We can't have completely open tops or bottoms. Our openings can only be six inches maximum so we have to cut the lids in half and the trap has to be eight inches back inside the buckets so the sides get slotted and that is what breaks them down so easily. I like changing the baits though, that is another option for us! Thanks for the info!


----------



## AKtrapper (Oct 11, 2011)

Interesting on the regs, UNJ. Do they enforce it to be a bird-proofing thing? ( I am assuming the "exposed bait" angle....) Been out of the lower 48 a bit and so haven't kept up with regs in most places other than here. I do recall some exposed bait regs, etc. in PA, but none like that. I can see how having that slice in the buckets would be hard on 'em...


----------



## Up North Journal (Sep 12, 2011)

AK, it's more to do with dogs. They figure it will keep hunting dogs out but I can see a beagle getting it's head in there. I suppose it's for birds as well. I know we gotta change things up though, it's getting frustrating.


----------



## Helmet_S (Mar 18, 2010)

I am not really a trapper but I am thinking that with those bright orange buckets you are asking for your traps to grow legs and walk off. Have you had any of the get stolen yet? I know that around here even on private property and a camo bucket they would go missing not to mention on public land and a bright orange bucket. Just my $0.02


----------



## coyotejon (Feb 4, 2010)

I think one of the best ways to target raccoons with the lowest risk of catching a kitty cat is switching bait just like "raccoon crazy" said.
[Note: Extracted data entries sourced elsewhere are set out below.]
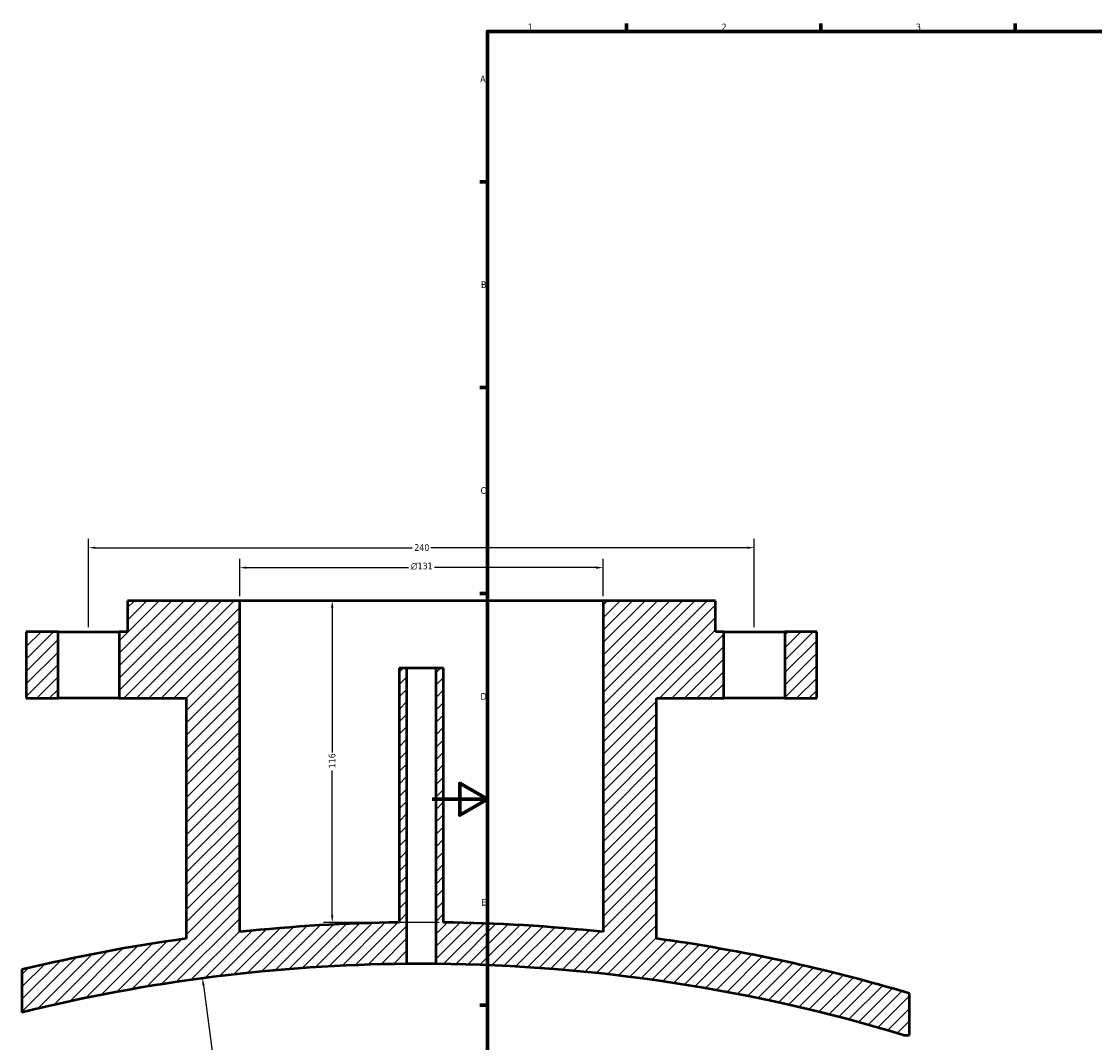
# Model space of a CAD drawing. Header units: millimetres. Extents: x -519 to 1054, y -362 to 828.
# Tile 4 of 11: x -148 to 239, y 209 to 578. Entities that reach past the tile are written whole.
import ezdxf

# ---------------------------------------------------------------- set-up
doc = ezdxf.new("R2010")
doc.units = ezdxf.units.MM
for name, color, linetype, lineweight in [('Border (ANSI)', 7, 'Continuous', 70), ('Dimension (ANSI)', 7, 'Continuous', 25), ('Hatch (ANSI)', 7, 'Continuous', 18), ('Visible (ANSI)', 7, 'Continuous', 50)]:
    doc.layers.add(name, color=color, linetype=linetype, lineweight=lineweight)
doc.styles.add('Note Text (ANSI)', font='tahoma.ttf')
doc.dimstyles.new('Default - mm (ANSI)', dxfattribs={"dimtxt": 2.4, "dimasz": 2.5, "dimexe": 3.175, "dimexo": 1.6002, "dimgap": 0.8, "dimtad": 0, "dimtoh": 1, "dimdec": 0, "dimrnd": 1e-08, "dimzin": 4, "dimdsep": 46, "dimtxsty": 'Note Text (ANSI)', "dimcen": 0.09, "dimdle": 10, "dimclrd": 256, "dimclre": 256, "dimclrt": 5, "dimadec": 1, "dimazin": 1, "dimtfac": 1.27, "dimtofl": 0, "dimtmove": 0, "dimatfit": 3, "dimfxl": 1, "dimtolj": 1, "dimtzin": 4, "dimlwd": -1, "dimlwe": -1, "dimarcsym": 0})

# ---------------------------------------------------------------- blocks, each defined once
blk = doc.blocks.new('Borders Default Border')
at = {"layer": 'Border (ANSI)'}
for p, q in [((70.08, 574), (70.08, 576.8)), ((140.17, 574), (140.17, 576.8)), ((210.25, 574), (210.25, 576.8)), ((20, 519.75), (17.2, 519.75)), ((20, 445.5), (17.2, 445.5)), ((20, 371.25), (17.2, 371.25)), ((20, 222.75), (17.2, 222.75))]:
    blk.add_line(p, q, dxfattribs=at)
at = {"layer": 'Border (ANSI)', "flags": 128}
for points in [[(20, 20), (20, 574), (821, 574), (821, 20), (20, 20)], [(0, 297), (20, 297), (10, 302.77), (10, 291.23), (20, 297)]]:
    blk.add_lwpolyline(points, dxfattribs=at)
at = {"layer": 'Border (ANSI)', "color": 5, "true_color": 0x0000ff, "char_height": 2.4, "attachment_point": 7, "style": 'Note Text (ANSI)'}
for s, insert in [('1', (34.5, 574.4)), ('2', (104.4, 574.4)), ('3', (174.46, 574.35)), ('A', (17.38, 555.68)), ('B', (17.67, 481.43)), ('C', (17.51, 407.13)), ('D', (17.52, 332.93)), ('E', (17.71, 258.68))]:
    blk.add_mtext(s, dxfattribs=dict(at, insert=insert))
blk = doc.blocks.new('*D10')
at = {"layer": 'Defpoints', "color": 0, "transparency": 16777216}
for p in [(116.18, 387.76), (-123.82, 357.45), (116.18, 357.45)]:
    blk.add_point(p, dxfattribs=at)
at = {"layer": 'Dimension (ANSI)', "transparency": 16777216}
for p, q in [((-123.82, 359.05), (-123.82, 390.93)), ((116.18, 359.05), (116.18, 390.93)), ((-121.32, 387.76), (-7.17, 387.76)), ((113.68, 387.76), (-0.48, 387.76))]:
    blk.add_line(p, q, dxfattribs=at)
for points in [[(-121.32, 388.18), (-121.32, 387.34), (-123.82, 387.76)], [(113.68, 388.18), (113.68, 387.34), (116.18, 387.76)]]:
    blk.add_solid(points, dxfattribs=at)
at = {"layer": 'Dimension (ANSI)', "color": 5, "transparency": 16777216, "insert": (-6.37, 389.01), "char_height": 2.4, "attachment_point": 1, "style": 'Note Text (ANSI)'}
blk.add_mtext('\\A1;240', dxfattribs=at)
blk = doc.blocks.new('*D11')
at = {"layer": 'Defpoints', "color": 0, "transparency": 16777216}
for p in [(61.68, 380.56), (-69.32, 368.65), (61.68, 368.65)]:
    blk.add_point(p, dxfattribs=at)
at = {"layer": 'Dimension (ANSI)', "transparency": 16777216}
for p, q in [((-69.32, 370.25), (-69.32, 383.74)), ((61.68, 370.25), (61.68, 383.74)), ((-66.82, 380.56), (-8.49, 380.56)), ((59.18, 380.56), (0.84, 380.56))]:
    blk.add_line(p, q, dxfattribs=at)
for points in [[(-66.82, 380.98), (-66.82, 380.15), (-69.32, 380.56)], [(59.18, 380.98), (59.18, 380.15), (61.68, 380.56)]]:
    blk.add_solid(points, dxfattribs=at)
at = {"layer": 'Dimension (ANSI)', "color": 5, "transparency": 16777216, "insert": (-7.69, 382.37), "char_height": 2.4, "attachment_point": 1, "style": 'Note Text (ANSI)'}
blk.add_mtext('\\A1;{\\fAIGDT|b0|i0;\\H2.4000;\\ln}\\fTahoma|b0|i0;\\H2.4000;131', dxfattribs=at)
blk = doc.blocks.new('*D12')
at = {"layer": 'Defpoints', "color": 0, "transparency": 16777216}
for p in [(-69.32, 368.65), (-35.97, 252.6), (4.18, 252.6)]:
    blk.add_point(p, dxfattribs=at)
at = {"layer": 'Dimension (ANSI)', "transparency": 16777216}
for p, q in [((-67.72, 368.65), (-32.8, 368.65)), ((-35.97, 366.15), (-35.97, 313.89)), ((-35.97, 255.1), (-35.97, 307.36)), ((2.58, 252.6), (-39.15, 252.6))]:
    blk.add_line(p, q, dxfattribs=at)
for points in [[(-36.39, 366.15), (-35.56, 366.15), (-35.97, 368.65)], [(-36.39, 255.1), (-35.56, 255.1), (-35.97, 252.6)]]:
    blk.add_solid(points, dxfattribs=at)
at = {"layer": 'Dimension (ANSI)', "color": 5, "transparency": 16777216, "insert": (-37.22, 308.16), "char_height": 2.4, "attachment_point": 1, "rotation": 90, "style": 'Note Text (ANSI)'}
blk.add_mtext('\\A1;116', dxfattribs=at)
blk = doc.blocks.new('*D13')
at = {"layer": 'Defpoints', "color": 0, "transparency": 16777216}
for p in [(-82.74, 232.44), (-3.82, -362.35)]:
    blk.add_point(p, dxfattribs=at)
at = {"layer": 'Dimension (ANSI)', "transparency": 16777216}
for p, q in [((-82.41, 229.96), (-76.72, 187.09)), ((-3.82, -362.35), (-76.18, 182.99))]:
    blk.add_line(p, q, dxfattribs=at)
blk.add_solid([(-82, 230.01), (-82.83, 229.9), (-82.74, 232.44)], dxfattribs=at)
at = {"layer": 'Dimension (ANSI)', "color": 5, "transparency": 16777216, "insert": (-79.99, 186.29), "char_height": 2.4, "attachment_point": 1, "style": 'Note Text (ANSI)'}
blk.add_mtext('\\A1;R600', dxfattribs=at)

msp = doc.modelspace()

# ---------------------------------------------------------------- hatches: boundary and pattern name
at = {"layer": 'Hatch (ANSI)'}
h = msp.add_hatch(dxfattribs=at)
h.set_pattern_fill('ANSI31', color=256, scale=25.4, style=0)
h.set_pattern_definition([(45, (0, 0), (-2.245064, 2.245064), [])])
edge = h.paths.add_edge_path()
edge.add_line((-112.82, 357.45), (-112.82, 333.45))
edge.add_line((-112.82, 333.45), (-88.62, 333.45))
edge.add_line((-88.62, 333.45), (-88.62, 246.77))
edge.add_ellipse((-3.82, -362.35), major_axis=(-609.13, -84.8), ratio=1, start_angle=270, end_angle=275.61576)
edge.add_line((-147.82, 235.55), (-147.82, 220.11))
edge.add_ellipse((-3.82, -362.35), major_axis=(582.46, 144), ratio=1, start_angle=76.61003, end_angle=90, ccw=False)
edge.add_line((-9.02, 237.63), (-9.02, 344.35))
edge.add_line((-9.02, 344.35), (-11.82, 344.35))
edge.add_line((-11.82, 344.35), (-11.82, 252.6))
edge.add_ellipse((-3.82, -362.35), major_axis=(-614.95, -8), ratio=1, start_angle=270, end_angle=275.3685)
edge.add_line((-69.32, 249.15), (-69.32, 368.65))
edge.add_line((-69.32, 368.65), (-109.82, 368.65))
edge.add_line((-109.82, 368.65), (-109.82, 357.45))
edge.add_line((-109.82, 357.45), (-112.82, 357.45))
h.paths.add_polyline_path([(-134.82, 333.45), (-134.82, 357.45), (-146.32, 357.45), (-146.32, 333.45)])
edge = h.paths.add_edge_path()
edge.add_line((105.18, 333.45), (105.18, 357.45))
edge.add_line((105.18, 357.45), (102.18, 357.45))
edge.add_line((102.18, 357.45), (102.18, 368.65))
edge.add_line((102.18, 368.65), (61.68, 368.65))
edge.add_line((61.68, 368.65), (61.68, 249.15))
edge.add_ellipse((-3.82, -362.35), major_axis=(-611.5, 65.5), ratio=1, start_angle=270, end_angle=275.3685)
edge.add_line((4.18, 252.6), (4.18, 344.35))
edge.add_line((4.18, 344.35), (1.38, 344.35))
edge.add_line((1.38, 344.35), (1.38, 237.63))
edge.add_ellipse((-3.82, -362.35), major_axis=(599.98, -5.2), ratio=1, start_angle=73.65917, end_angle=90, ccw=False)
edge.add_line((169.97, 211.93), (172.18, 211.93))
edge.add_line((172.18, 211.93), (172.18, 226.93))
edge.add_ellipse((-3.82, -362.35), major_axis=(-589.28, 176), ratio=1, start_angle=270, end_angle=278.70378)
edge.add_line((80.98, 246.77), (80.98, 333.45))
edge.add_line((80.98, 333.45), (105.18, 333.45))
h.paths.add_polyline_path([(127.18, 357.45), (127.18, 333.45), (138.68, 333.45), (138.68, 357.45)])

# ---------------------------------------------------------------- linework, layer by layer
at = {"layer": 'Visible (ANSI)'}
for p, q in [((-69.32, 368.65), (-109.82, 368.65)), ((-109.82, 368.65), (-109.82, 357.45)), ((-69.32, 249.15), (-69.32, 368.65)), ((61.68, 368.65), (-69.32, 368.65)), ((102.18, 368.65), (61.68, 368.65)), ((61.68, 368.65), (61.68, 249.15)), ((102.18, 357.45), (102.18, 368.65)), ((-134.82, 357.45), (-146.32, 357.45)), ((-146.32, 357.45), (-146.32, 333.45)), ((-134.82, 333.45), (-134.82, 357.45)), ((-134.82, 357.45), (-112.82, 357.45)), ((-112.82, 357.45), (-112.82, 333.45)), ((-109.82, 357.45), (-112.82, 357.45)), ((105.18, 357.45), (102.18, 357.45)), ((105.18, 333.45), (105.18, 357.45)), ((105.18, 357.45), (127.18, 357.45)), ((127.18, 357.45), (127.18, 333.45)), ((138.68, 357.45), (127.18, 357.45)), ((138.68, 333.45), (138.68, 357.45)), ((-9.02, 344.35), (-11.82, 344.35)), ((-11.82, 344.35), (-11.82, 252.6)), ((-9.02, 237.63), (-9.02, 344.35)), ((1.38, 344.35), (-9.02, 344.35)), ((4.18, 344.35), (1.38, 344.35)), ((1.38, 344.35), (1.38, 237.63)), ((4.18, 252.6), (4.18, 344.35)), ((-146.32, 333.45), (-134.82, 333.45)), ((-112.82, 333.45), (-134.82, 333.45)), ((-112.82, 333.45), (-88.62, 333.45)), ((-88.62, 333.45), (-88.62, 246.77)), ((80.98, 246.77), (80.98, 333.45)), ((80.98, 333.45), (105.18, 333.45)), ((127.18, 333.45), (105.18, 333.45)), ((127.18, 333.45), (138.68, 333.45)), ((-147.82, 235.55), (-147.82, 220.11)), ((172.18, 211.93), (172.18, 226.93)), ((169.97, 211.93), (172.18, 211.93))]:
    msp.add_line(p, q, dxfattribs=at)
for radius, start, end in [(615, 90.74533, 96.11383), (615, 83.88617, 89.25467), (615, 97.92555, 103.54131), (615, 73.37067, 82.07445), (600, 90.49657, 103.88654), (600, 73.1626, 89.50343)]:
    msp.add_arc((-3.82, -362.35), radius, start, end, dxfattribs=at)
msp.add_open_spline([(1.38, 237.63), (1.38, 237.63), (1.25, 237.63), (0.71, 237.63), (0.31, 237.63), (-0.61, 237.64), (-1.19, 237.64), (-2.47, 237.65), (-3.17, 237.65), (-4.48, 237.65), (-5.17, 237.65), (-6.45, 237.64), (-7.04, 237.64), (-7.96, 237.63), (-8.36, 237.63), (-8.89, 237.63), (-9.02, 237.63), (-9.02, 237.63)], degree=3, knots=[0, 0, 0, 0, 0.195878, 0.195878, 0.391756, 0.391756, 0.587634, 0.587634, 0.783513, 0.783513, 0.979391, 0.979391, 1.175269, 1.175269, 1.371147, 1.371147, 1.567025, 1.567025, 1.567025, 1.567025], dxfattribs=at)

# ---------------------------------------------------------------- block references
msp.add_blockref('Borders Default Border', (0, 0))

# ---------------------------------------------------------------- dimensions: what is measured, and where the dimension line sits
at = {"layer": 'Dimension (ANSI)'}
for base, p1, p2, angle, picture, middle in [((116.18, 387.76), (-123.82, 357.45), (116.18, 357.45), 180, '*D10', (-3.82, 387.76)), ((-35.97, 252.6), (-69.32, 368.65), (4.18, 252.6), 90, '*D12', (-35.97, 310.62))]:
    dim = msp.add_linear_dim(base=base, p1=p1, p2=p2, angle=angle, dimstyle='Default - mm (ANSI)', override={"dimgap": 0.8, "dimtoh": 0, "dimdec": 0, "dimtol": 0, "dimlim": 0, "dimtp": 0, "dimtm": 0, "dimtdec": 2, "dimatfit": 1}, dxfattribs=at)
    dim.commit()
    dim.dimension.update_dxf_attribs({"geometry": picture, "text_midpoint": middle, "dimtype": 160})
dim = msp.add_linear_dim(base=(61.68, 380.56), p1=(-69.32, 368.65), p2=(61.68, 368.65), angle=180, text='{\\fAIGDT|b0|i0;\\H2.4000;\\ln}\\fTahoma|b0|i0;\\H2.4000;<>', dimstyle='Default - mm (ANSI)', override={"dimgap": 0.8, "dimtoh": 0, "dimdec": 0, "dimtol": 0, "dimlim": 0, "dimtp": 0, "dimtm": 0, "dimtdec": 2, "dimatfit": 1}, dxfattribs=at)
dim.commit()
dim.dimension.update_dxf_attribs({"geometry": '*D11', "text_midpoint": (-3.82, 380.56), "dimtype": 160})
dim = msp.add_radius_dim(center=(-3.82, -362.35), mpoint=(-82.74, 232.44), dimstyle='Default - mm (ANSI)', override={"dimgap": 0.8, "dimtih": 1, "dimdec": 0, "dimlfac": 1, "dimcen": 0, "dimdle": 0, "dimtol": 0, "dimlim": 0, "dimtp": 0, "dimtm": 0, "dimtdec": 2, "dimtmove": 2}, dxfattribs=at)
dim.commit()
dim.dimension.update_dxf_attribs({"geometry": '*D13', "text_midpoint": (-76.45, 185.04), "dimtype": 164})

doc.saveas('drawing.dxf')

Stay away from fishy type baits and stick with sweet stuff. The DP traps can really be a good way to go.


----------



## Up North Journal (Sep 12, 2011)

We haven't had any stolen yet, but we've pulled them all until we get our baits changed. I wanted to spray paint them but ran out of time before season started so I just put them out. We are going to switch things up before we head back out with them.


----------



## Helmet_S (Mar 18, 2010)

Up North Journal said:


> We haven't had any stolen yet, but we've pulled them all until we get our baits changed. I wanted to spray paint them but ran out of time before season started so I just put them out. We are going to switch things up before we head back out with them.


Good luck man. Make sure to let us know what you change and how it works out for you.


----------



## Up North Journal (Sep 12, 2011)

Will do, heading north to do some trapping next week.


----------



## Mattuk (Oct 16, 2010)

Good luck Mike!


----------